Convert numbers to string considering significant digits.
"""
try:
using = number_formatting[number_format_notation]
except KeyError:
raise ValueError("number_format_notation got invalid value of {}. The valid values are 'f' and 'e'".format(number_format_notation)) from None
if isinstance(number, Decimal):
tup = number.as_tuple()
with localcontext() as ctx:
ctx.prec = len(tup.digits) + tup.exponent + significant_digits
number = number.quantize(Decimal('0.' + '0' * significant_digits))
result = (using % significant_digits).format(number)
# Special case for 0: "-0.00" should compare equal to "0.00"
if set(result) <= ZERO_DECIMAL_CHARACTERS:
result = "0.00"
# https://bugs.python.org/issue36622
if number_format_notation == 'e' and isinstance(number, float):
result = result.replace('+0', '+')
return result
``````

All that this function does is to convert the numbers into strings based on the `significant_digits` and formatting notation (“f” for fixed point or “e” for scientific.)

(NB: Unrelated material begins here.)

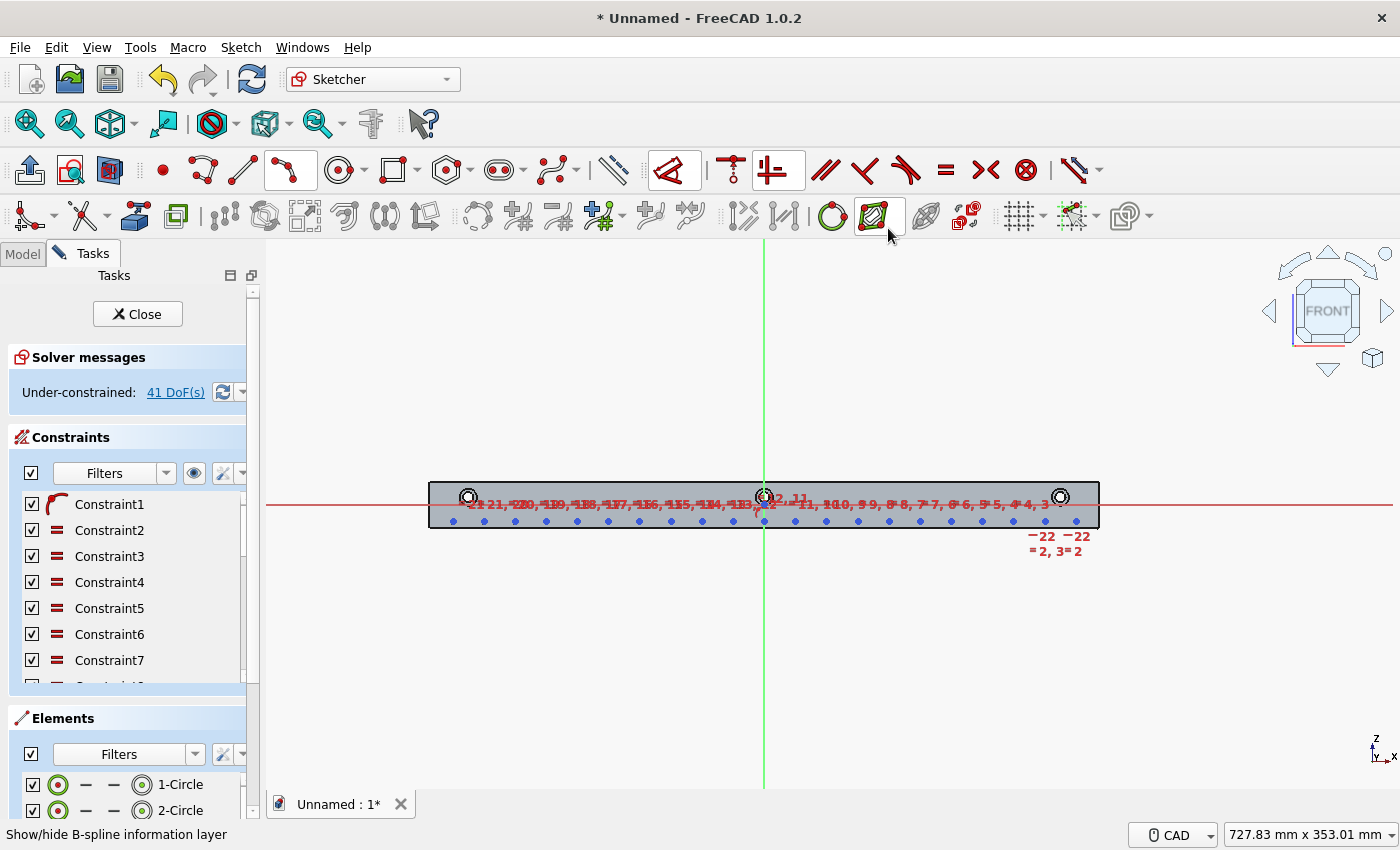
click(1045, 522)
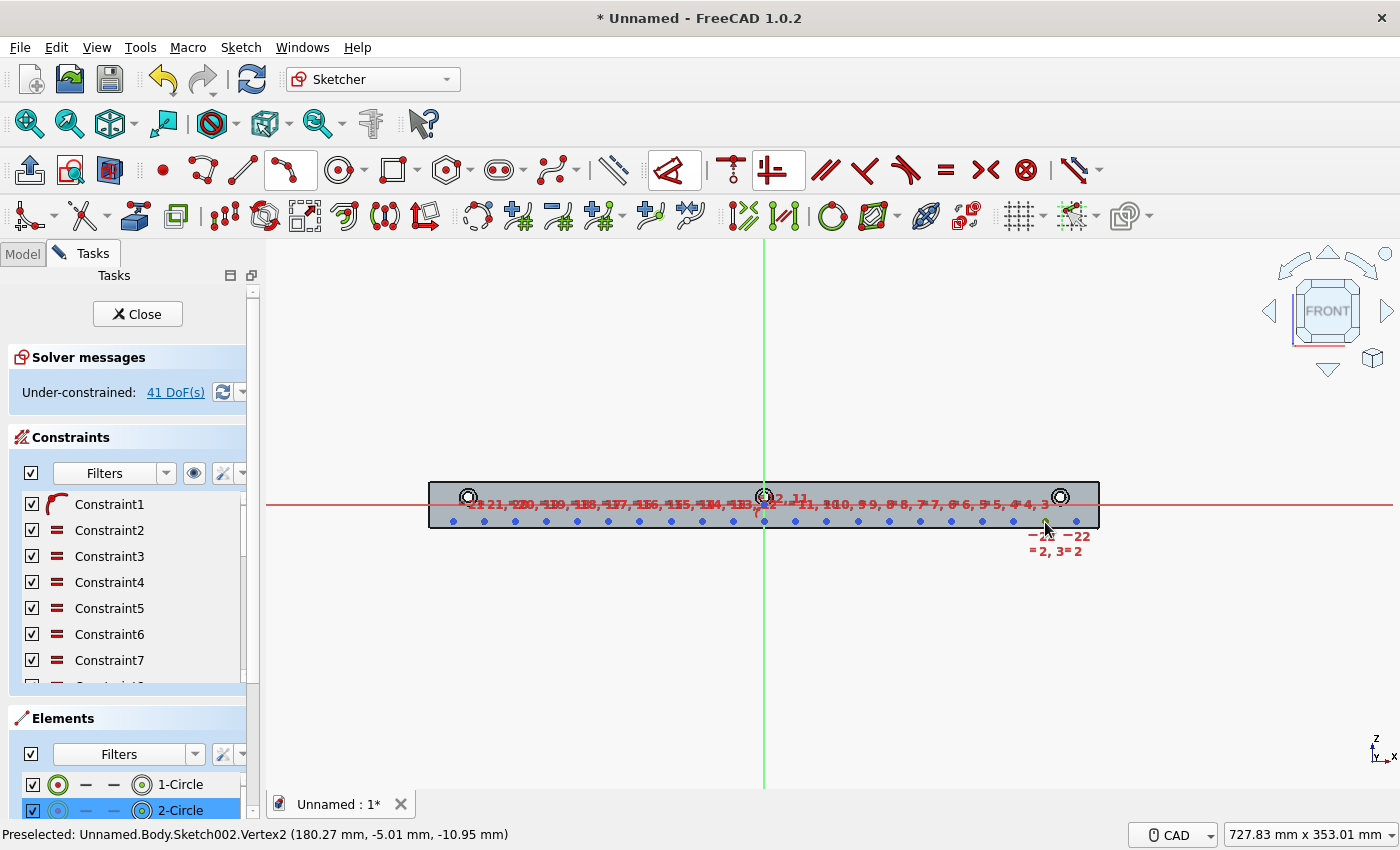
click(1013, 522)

You can modify this function or its results and pass it to DeepDiff as the `number_to_string_func`.

For a silly example let’s say you don’t care if numbers below 100 have changed. You only care if numbers above 100 have changed. Then you do:

``````from deepdiff.helper import number_to_string

def custom_number_to_string(number, *args, **kwargs):
number = 100 if number < 100 else number
return number_to_string(number, *args, **kwargs)

t1 = [10, 12, 100000]
t2 = [20, 22, 100000]

ddiff = DeepDiff(t1, t2, significant_digits=3, number_format_notation="e",
number_to_string_func=custom_number_to_string)
>>> ddiff
{}
``````

Note: `number_to_string_func` is only used when either the `significant_digits` is set or `ignore_numeric_type_changes` is set.